For flanging the compensating coupling to the shaft flanges 6, 7, the connecting flanges 5 of the membranes 3 are provided with pass-through holes 12 whose graduated circle diameter is designated with D. Since the outside diameter d of the coupling sleeve 4 is smaller than the graduated circle diameter D which is reduced by the diameter of the pass-through holes 12 and the wall disks 10 with the pass-through holes 12 form aligned engagement openings 13 for fastening screws 14, the two coupling parts can be screwed together with the shaft flanges 6 from the coupling side. This screwed connection occurs via sleeves 15 which are supported on the same on the side of connecting flanges 5 facing the wall disks 10 and which themselves form an axial support for the screw head 16, so that a comparatively large expansion length can be ensured for the fastening screws 14 by the sleeves 15, which expansion length ensures a favorable dynamic securing of the screws. The transmission of torque occurs via the frictional forces in the region of the intrados of the hole. The fastening screws 14 can thus be used as a predetermined breaking point which delimits the maximum transmissible torque and which will be effective when after exceeding the frictional forces in the region of the intrados of the hole the fastening screws are loaded to shearing.

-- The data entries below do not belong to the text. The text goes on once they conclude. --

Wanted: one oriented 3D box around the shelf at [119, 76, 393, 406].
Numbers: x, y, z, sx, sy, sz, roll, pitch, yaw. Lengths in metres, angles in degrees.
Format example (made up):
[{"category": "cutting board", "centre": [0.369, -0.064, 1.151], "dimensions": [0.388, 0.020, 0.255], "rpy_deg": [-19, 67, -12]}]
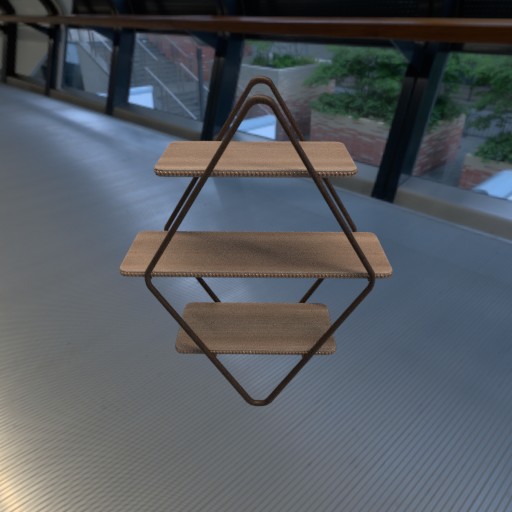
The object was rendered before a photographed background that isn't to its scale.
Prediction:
[{"category": "shelf", "centre": [0.000, 0.000, 1.057], "dimensions": [0.609, 0.774, 0.234], "rpy_deg": [0, 30, 1]}]
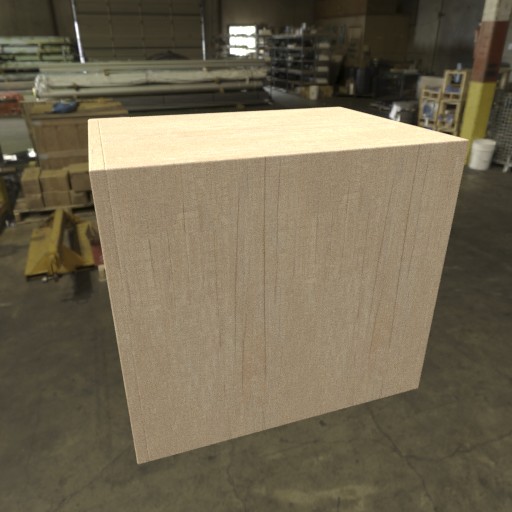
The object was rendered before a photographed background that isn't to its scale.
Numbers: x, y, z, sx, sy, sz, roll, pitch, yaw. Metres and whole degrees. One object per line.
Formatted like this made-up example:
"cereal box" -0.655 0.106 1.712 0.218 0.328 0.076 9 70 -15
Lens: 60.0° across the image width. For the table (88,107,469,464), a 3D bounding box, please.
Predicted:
"table" 0.000 0.000 0.906 0.570 0.510 0.420 -9 27 -17
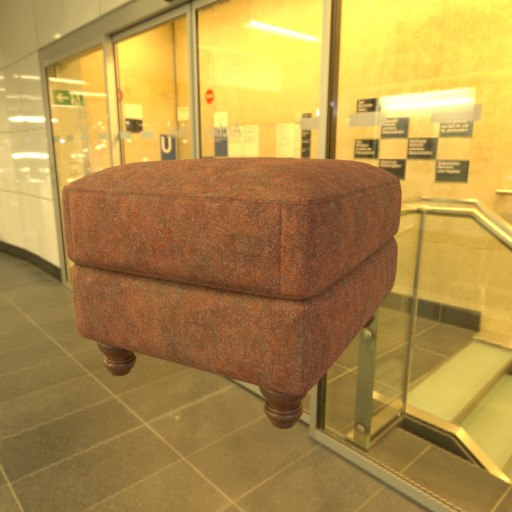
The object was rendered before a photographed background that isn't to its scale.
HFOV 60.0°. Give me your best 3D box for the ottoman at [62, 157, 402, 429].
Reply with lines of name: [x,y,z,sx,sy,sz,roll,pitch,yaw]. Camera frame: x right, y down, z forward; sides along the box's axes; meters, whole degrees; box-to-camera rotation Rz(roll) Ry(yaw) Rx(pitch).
ottoman: [0.000,0.000,1.169,0.635,0.508,0.787,7,15,28]
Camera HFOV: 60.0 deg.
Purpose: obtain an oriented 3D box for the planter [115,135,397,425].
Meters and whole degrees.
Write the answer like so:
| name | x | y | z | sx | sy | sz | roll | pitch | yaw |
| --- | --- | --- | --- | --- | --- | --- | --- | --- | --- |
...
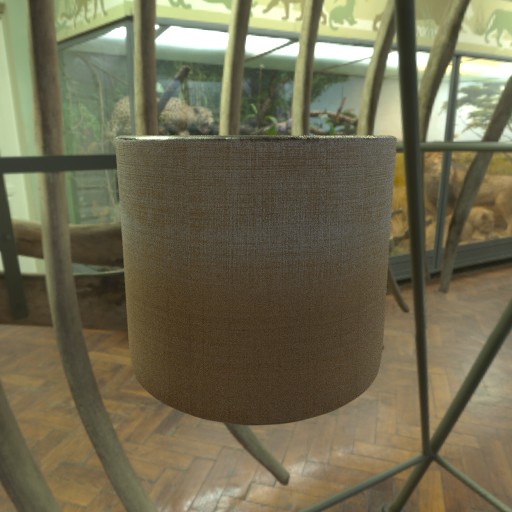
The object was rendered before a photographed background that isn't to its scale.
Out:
| name | x | y | z | sx | sy | sz | roll | pitch | yaw |
| --- | --- | --- | --- | --- | --- | --- | --- | --- | --- |
| planter | 0.000 | 0.000 | 0.382 | 0.221 | 0.201 | 0.221 | 0 | 15 | 0 |
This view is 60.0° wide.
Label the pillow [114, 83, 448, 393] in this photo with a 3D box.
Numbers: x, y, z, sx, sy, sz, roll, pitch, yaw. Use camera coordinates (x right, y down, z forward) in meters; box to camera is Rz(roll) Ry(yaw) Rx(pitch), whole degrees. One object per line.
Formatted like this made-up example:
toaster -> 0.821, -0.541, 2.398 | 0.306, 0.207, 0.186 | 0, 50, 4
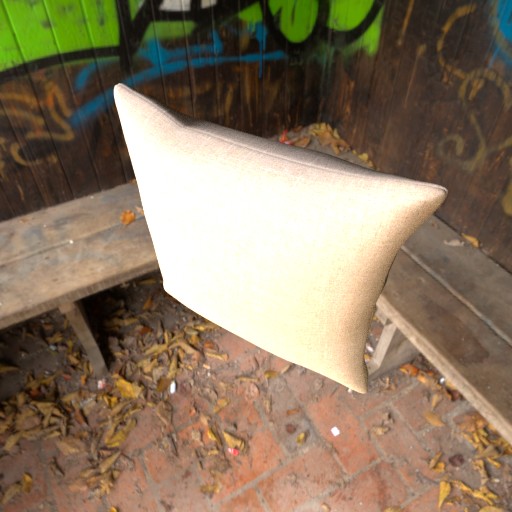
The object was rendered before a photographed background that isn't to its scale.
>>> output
pillow -> 0.000, 0.000, 0.623 | 0.414, 0.399, 0.173 | 24, 50, 21
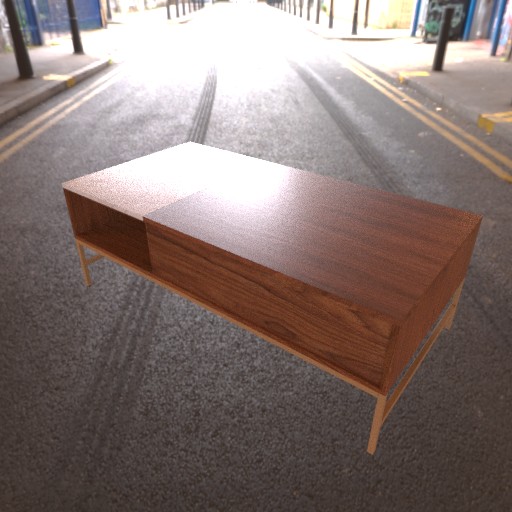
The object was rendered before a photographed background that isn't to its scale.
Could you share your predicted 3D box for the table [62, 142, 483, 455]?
[{"bbox_3d":[0.000,0.000,1.953,1.553,0.551,0.789,22,37,32],"label":"table"}]
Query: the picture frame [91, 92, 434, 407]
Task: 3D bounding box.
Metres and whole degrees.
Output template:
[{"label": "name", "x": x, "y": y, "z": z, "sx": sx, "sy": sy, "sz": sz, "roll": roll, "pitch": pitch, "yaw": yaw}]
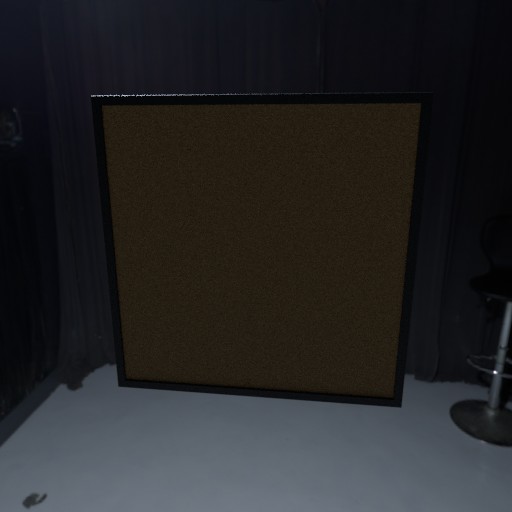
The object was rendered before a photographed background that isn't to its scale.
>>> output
[{"label": "picture frame", "x": 0.000, "y": 0.000, "z": 0.464, "sx": 0.317, "sy": 0.317, "sz": 0.030, "roll": 2, "pitch": 16, "yaw": 7}]
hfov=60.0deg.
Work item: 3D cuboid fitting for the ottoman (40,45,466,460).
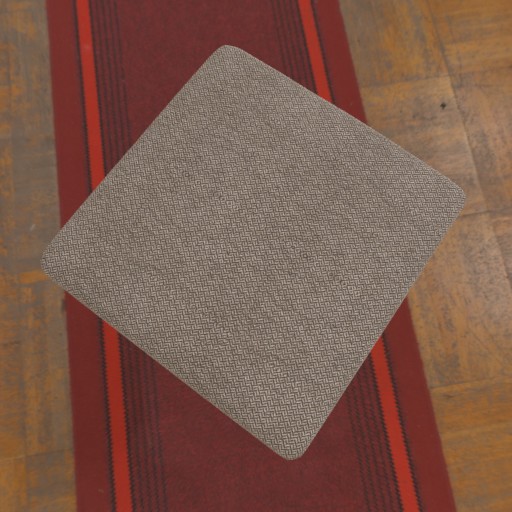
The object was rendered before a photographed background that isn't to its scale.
[{"bbox_3d":[0.000,0.000,0.893,0.512,0.453,0.519,35,79,8],"label":"ottoman"}]
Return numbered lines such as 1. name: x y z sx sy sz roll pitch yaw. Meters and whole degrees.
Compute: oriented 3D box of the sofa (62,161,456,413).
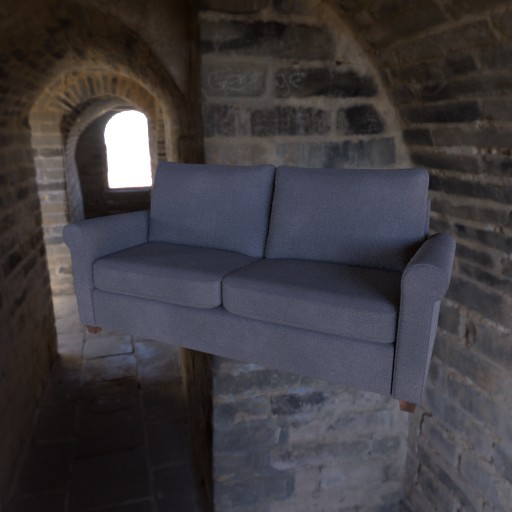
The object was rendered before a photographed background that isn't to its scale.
1. sofa: 0.000 0.000 2.380 1.935 0.942 0.842 7 16 25
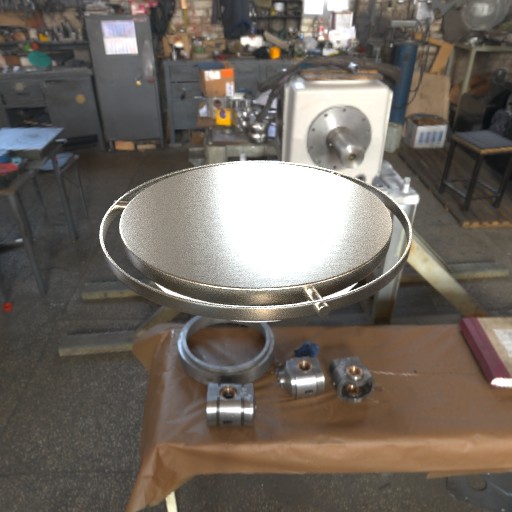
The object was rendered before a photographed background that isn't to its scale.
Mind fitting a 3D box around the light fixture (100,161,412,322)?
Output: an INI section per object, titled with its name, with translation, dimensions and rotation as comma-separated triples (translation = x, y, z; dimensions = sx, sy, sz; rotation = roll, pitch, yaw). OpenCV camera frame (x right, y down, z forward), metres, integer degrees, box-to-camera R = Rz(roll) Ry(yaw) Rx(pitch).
[light fixture]
translation = 0.000, 0.000, 0.565
dimensions = 0.361, 0.130, 0.361
rotation = 0, 32, 0
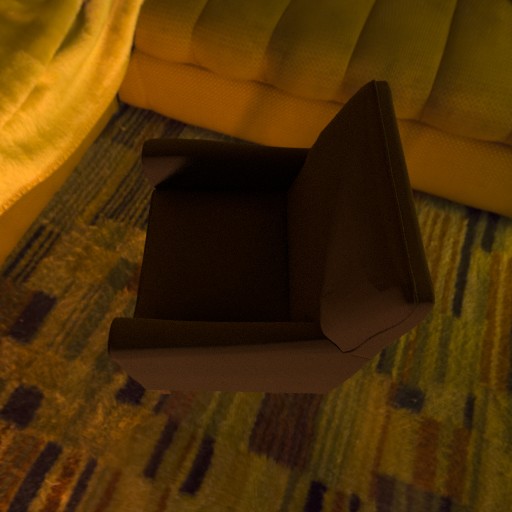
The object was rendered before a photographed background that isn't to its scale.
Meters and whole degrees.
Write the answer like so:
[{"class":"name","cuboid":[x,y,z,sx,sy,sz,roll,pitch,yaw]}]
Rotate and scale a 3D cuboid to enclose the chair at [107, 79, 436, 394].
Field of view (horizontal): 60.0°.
[{"class":"chair","cuboid":[0.000,0.000,1.577,0.831,0.911,0.836,0,60,0]}]
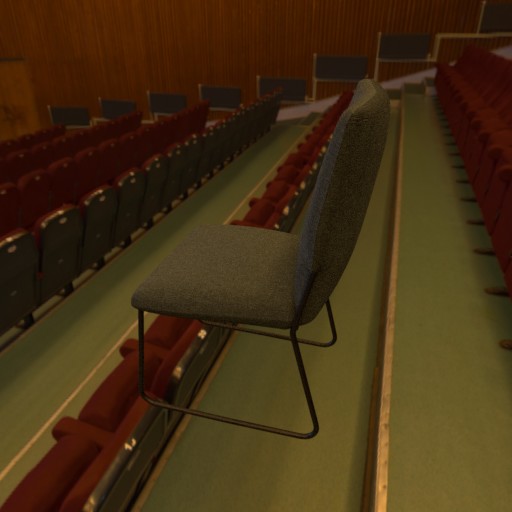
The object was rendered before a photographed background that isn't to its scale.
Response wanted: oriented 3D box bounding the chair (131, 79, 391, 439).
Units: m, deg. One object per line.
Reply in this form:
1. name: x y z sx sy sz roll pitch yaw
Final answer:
1. chair: 0.000 0.000 1.284 0.635 0.931 0.480 8 30 14
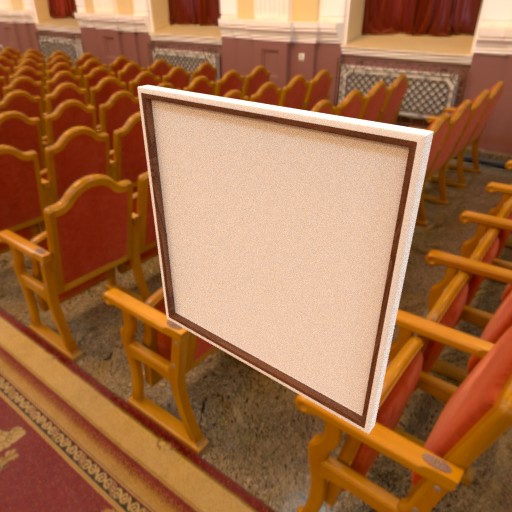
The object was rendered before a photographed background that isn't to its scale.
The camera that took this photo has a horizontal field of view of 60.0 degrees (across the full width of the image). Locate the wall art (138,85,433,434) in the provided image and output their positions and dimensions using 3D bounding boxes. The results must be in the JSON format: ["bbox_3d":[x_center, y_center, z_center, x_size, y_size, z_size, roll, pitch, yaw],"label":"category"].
[{"bbox_3d":[0.000,0.000,1.147,0.757,0.757,0.037,22,37,32],"label":"wall art"}]
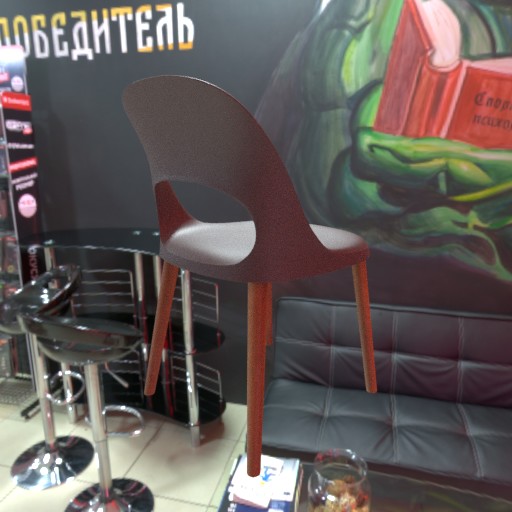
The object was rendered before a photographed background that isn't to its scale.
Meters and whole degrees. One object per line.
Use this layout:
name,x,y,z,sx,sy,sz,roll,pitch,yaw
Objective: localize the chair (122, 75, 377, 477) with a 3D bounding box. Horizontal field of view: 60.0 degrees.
chair,0.000,0.000,1.121,0.556,0.795,0.470,-13,19,-42
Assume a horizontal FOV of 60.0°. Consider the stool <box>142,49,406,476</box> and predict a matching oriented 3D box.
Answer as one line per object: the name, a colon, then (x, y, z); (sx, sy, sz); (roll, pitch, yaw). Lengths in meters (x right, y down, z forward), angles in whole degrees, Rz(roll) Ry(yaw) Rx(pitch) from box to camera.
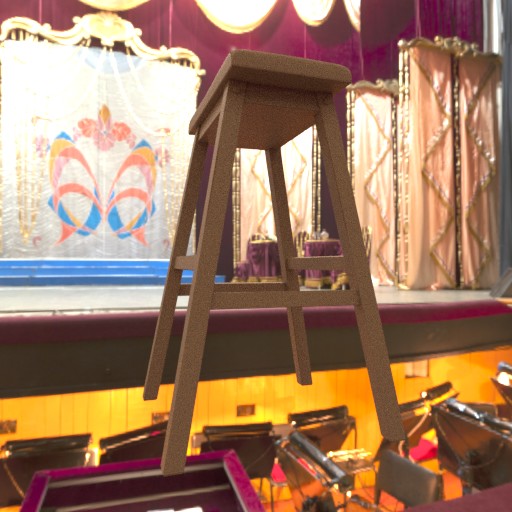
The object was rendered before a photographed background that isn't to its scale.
stool: (0.000, 0.000, 1.028); (0.476, 0.737, 0.457); (0, -1, -18)
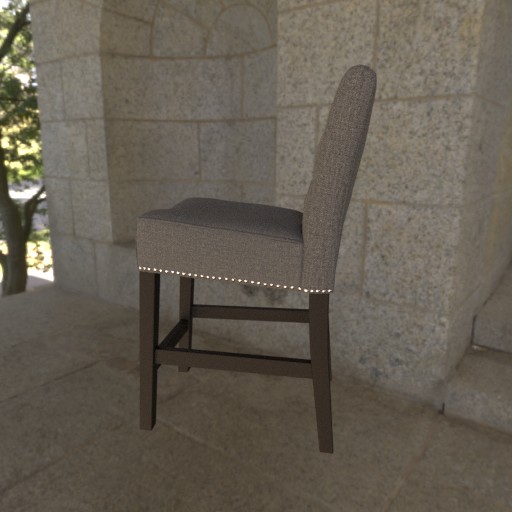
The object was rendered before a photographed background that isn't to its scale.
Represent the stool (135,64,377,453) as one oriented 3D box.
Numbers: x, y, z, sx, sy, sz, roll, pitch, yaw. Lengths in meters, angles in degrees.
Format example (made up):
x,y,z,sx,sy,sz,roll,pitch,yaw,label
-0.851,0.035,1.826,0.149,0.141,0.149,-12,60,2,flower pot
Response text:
x,y,z,sx,sy,sz,roll,pitch,yaw,label
0.000,0.000,1.196,0.571,0.885,0.427,2,13,8,stool
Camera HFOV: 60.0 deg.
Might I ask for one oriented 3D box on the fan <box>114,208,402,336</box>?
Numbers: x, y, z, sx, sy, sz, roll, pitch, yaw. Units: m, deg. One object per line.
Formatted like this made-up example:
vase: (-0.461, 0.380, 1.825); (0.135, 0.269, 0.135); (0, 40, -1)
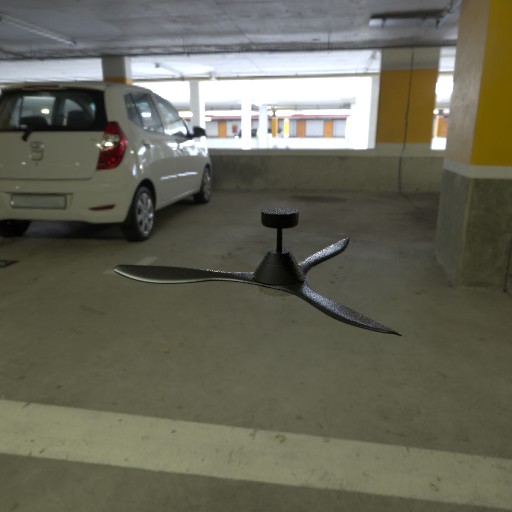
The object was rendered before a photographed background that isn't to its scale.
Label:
fan: (0.000, 0.000, 1.603); (1.067, 0.305, 1.067); (-2, 16, -8)
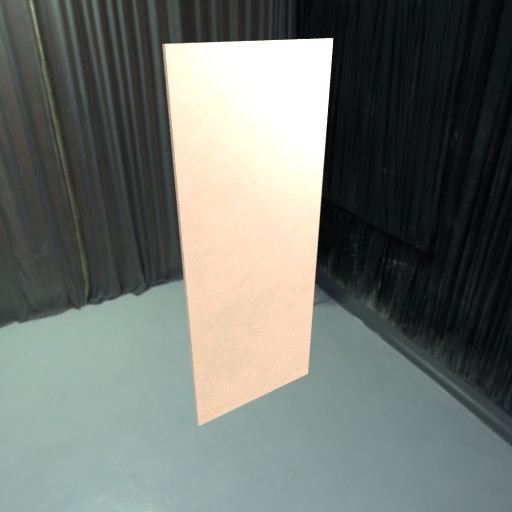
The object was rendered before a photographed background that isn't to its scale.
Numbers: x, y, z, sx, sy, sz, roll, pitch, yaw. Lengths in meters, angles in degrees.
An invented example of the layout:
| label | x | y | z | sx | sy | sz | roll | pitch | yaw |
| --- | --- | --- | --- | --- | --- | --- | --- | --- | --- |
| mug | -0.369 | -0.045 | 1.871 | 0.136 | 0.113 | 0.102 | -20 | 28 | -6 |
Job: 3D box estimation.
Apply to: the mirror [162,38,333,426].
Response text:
| label | x | y | z | sx | sy | sz | roll | pitch | yaw |
| --- | --- | --- | --- | --- | --- | --- | --- | --- | --- |
| mirror | 0.000 | 0.000 | 2.324 | 0.812 | 2.031 | 0.026 | -17 | 33 | -28 |
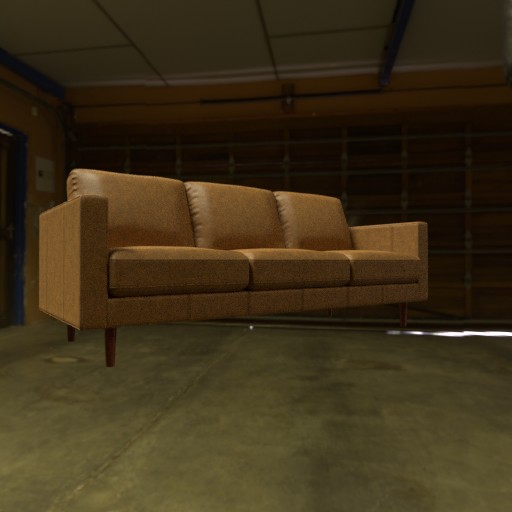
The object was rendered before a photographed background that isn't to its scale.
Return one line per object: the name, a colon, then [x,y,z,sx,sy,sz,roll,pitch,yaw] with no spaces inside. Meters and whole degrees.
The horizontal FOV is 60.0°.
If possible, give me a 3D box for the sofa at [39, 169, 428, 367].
sofa: [0.000,0.000,2.663,2.231,0.930,0.903,0,-1,-35]
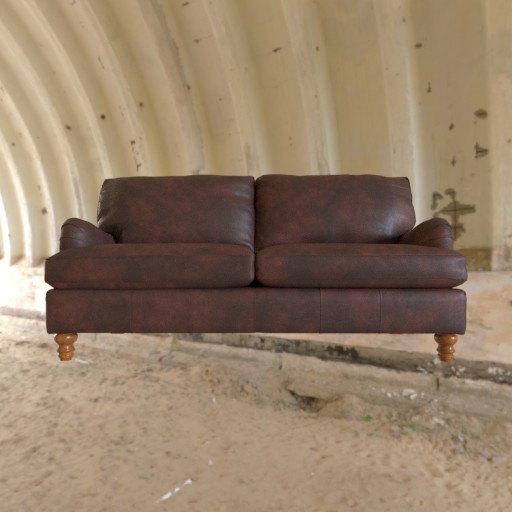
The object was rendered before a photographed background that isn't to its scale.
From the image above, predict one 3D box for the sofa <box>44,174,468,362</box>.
[{"bbox_3d":[0.000,0.000,2.742,2.144,1.071,1.147,0,0,1],"label":"sofa"}]
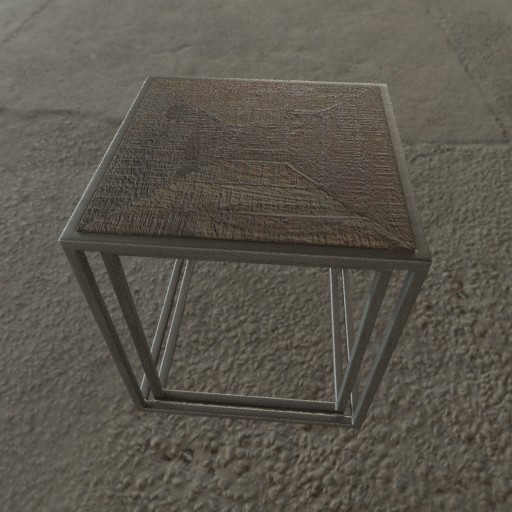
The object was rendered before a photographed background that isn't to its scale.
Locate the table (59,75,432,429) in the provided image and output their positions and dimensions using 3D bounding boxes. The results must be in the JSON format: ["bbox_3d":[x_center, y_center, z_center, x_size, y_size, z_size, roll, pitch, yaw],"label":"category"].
[{"bbox_3d":[0.000,0.000,0.862,0.450,0.500,0.449,3,47,3],"label":"table"}]
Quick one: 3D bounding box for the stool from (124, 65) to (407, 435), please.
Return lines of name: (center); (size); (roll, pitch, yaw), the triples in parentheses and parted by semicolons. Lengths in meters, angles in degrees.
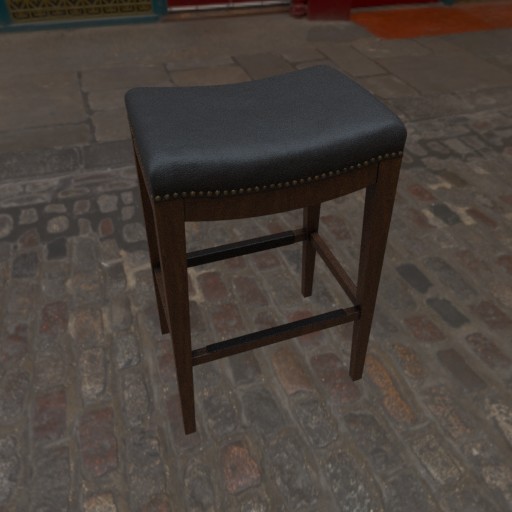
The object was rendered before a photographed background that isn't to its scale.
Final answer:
stool: (0.000, 0.000, 1.053); (0.500, 0.765, 0.361); (-13, 43, -14)

The wall disks 10 can be configured as membranes for enlarging the displacement capabilities of the compensating coupling, which membranes must be provided with a stiffer configuration than the membranes 3 on the face side in order to achieve the required safety against buckling. This ensures, in combination with a sufficient safety from buckling, that an offset of the two shafts 1, 2 arising from alignment and angle errors can be compensated which could not be compensated with the use of membranes of softer bending configuration due to the thus lacking safety from buckling.

Claims

1. A compensating coupling for a drive connection of two shafts with a coupling sleeve which is made of fiber-reinforced plastic and connects two face-side membranes and consists of two sleeve sections which are screwed together with each other via radially outwardly projecting connecting flanges, with the ring-disk-like membranes forming in the region of their inner circumference a connecting flange with pass-through holes for fastening screws, which holes are arranged along a graduated circle, and with the membranes being integrally joined to the coupling sleeve at their outside circumference, characterized in that the coupling sleeve (8) has a smaller outside diameter (d) than the graduated circle diameter (D) reduced by the diameter of the pass-through holes (12) of the connecting flange (5), that the sleeve sections (8) comprise face-side wall disks (10) which are adjacent to the associated membranes (3) through a circumferential wall (11), and that coaxial engagement openings (13) for fastening screws (14) are provided in the wall disks (10) for the pass-through openings (12) of the connecting flanges (5).

2. A compensating coupling according to claim 1, wherein the fastening screws (14) rest on the head side on sleeves (15) which are supported on the side of the connecting flanges (5) facing the wall disks (10).

3. A compensating coupling according to claim 2, wherein the fastening screws (14) form a predetermined breaking point for the connecting flange (5) of at least one membrane (3) which delimits the transmissible torque.

4. A compensating coupling according to claim 1, wherein the face-side wall disks (10) of the sleeve sections (8) form a stiffer membrane relative to the membranes to be connected.